Ultrathin Zirconium Hydroxide Nanosheet-Assembled Nanofibrous Membranes for Rapid Degradation of Chemical Warfare Agents

Organophosphorus-based chemical warfare agents (CWAs) are highly poisonous, and recent attacks using nerve agents have stimulated researchers to develop breakthrough materials for their fast degradation. Zr-based materials have been identified as the most effective catalysts for breaking down CWAs, but in their powdered form, their practical application in personal protective equipment is limited. Herein, a surface-confined strategy for the direct growth of vertically aligned zirconium hydroxide (Zr(OH)(4)) nanosheets with ultrathin and tortuous structures on nanofibers is reported.
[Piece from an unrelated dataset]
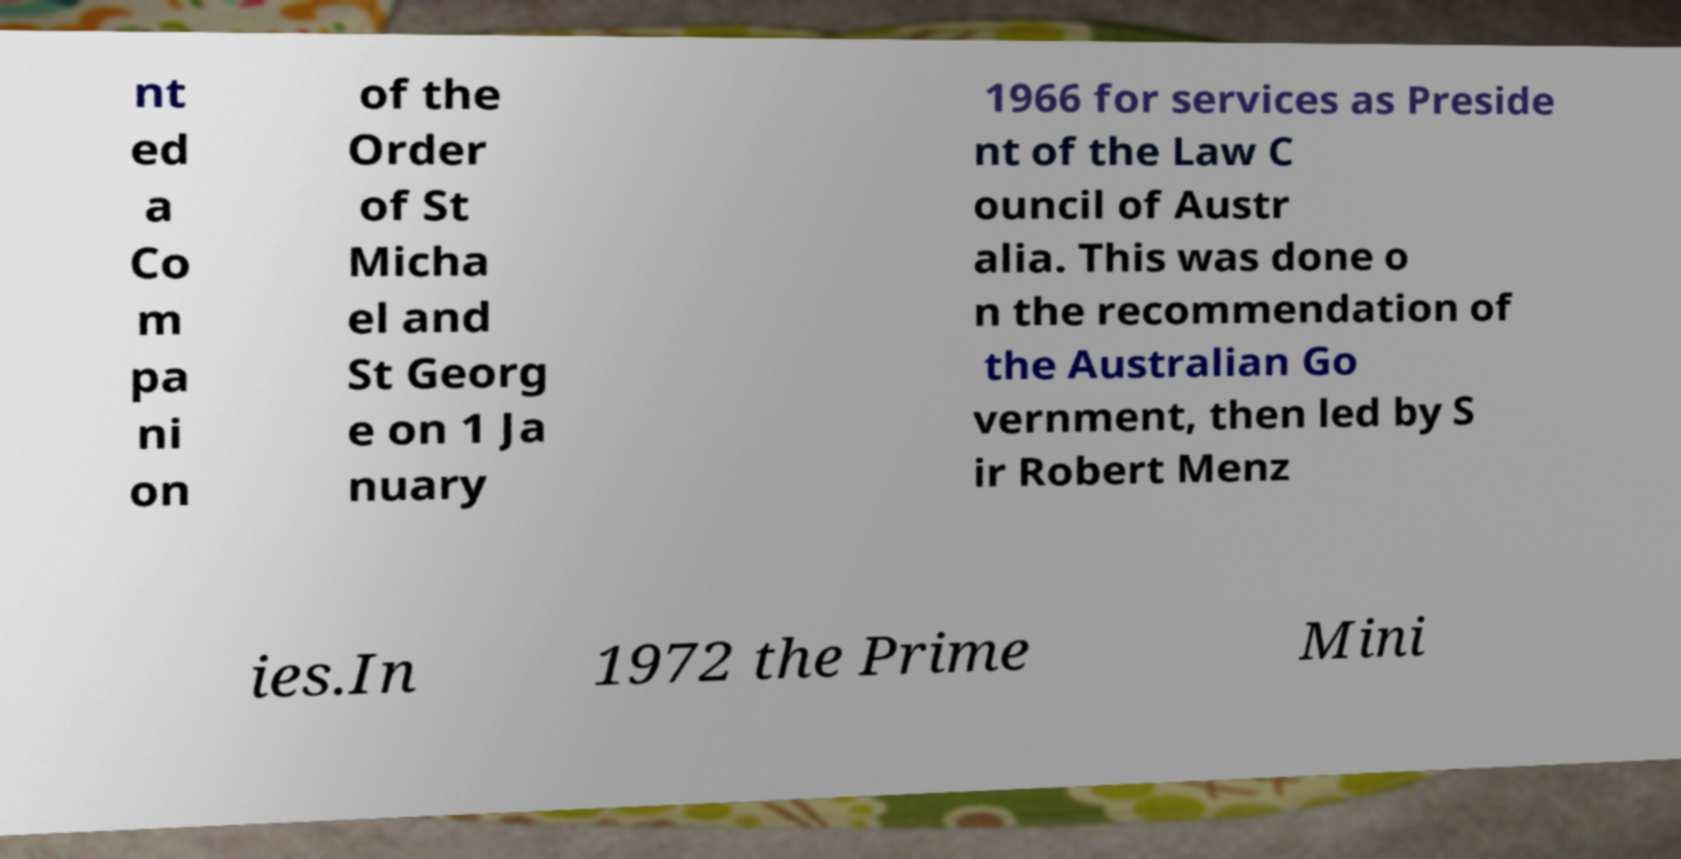For documentation purposes, I need the text within this image transcribed. Could you provide that? nt ed a Co m pa ni on of the Order of St Micha el and St Georg e on 1 Ja nuary 1966 for services as Preside nt of the Law C ouncil of Austr alia. This was done o n the recommendation of the Australian Go vernment, then led by S ir Robert Menz ies.In 1972 the Prime Mini

The freestanding Zr(OH)(4) nanosheet-assembled nanofibrous membranes (NANMs) show superior catalytic performance to degrade dimethyl methylphosphonate, a nerve agent simulant, with a half-life of 4 min. In addition, intriguing membrane-type NANMs feature integrated properties of exceptional breathability, prominent flexibility, and robust fatigue resistance over one million buckling loads. This facile strategy provides a novel route to manufacture new classes of nanosheet-supported membranes for chemical-protective materials, in particular for gas filters, protective suits, and clothing.

Automated summary

A surface-confined strategy for the direct growth of vertically aligned zirconium hydroxide nanosheets on nanofibers was reported, showing superior catalytic performance to degrade nerve agent simulants. The resulting membrane-type nanofibrous membranes exhibit integrated properties of exceptional breathability, flexibility, and fatigue resistance, providing a novel route for manufacturing new classes of nanosheet-supported membranes for chemical-protective materials.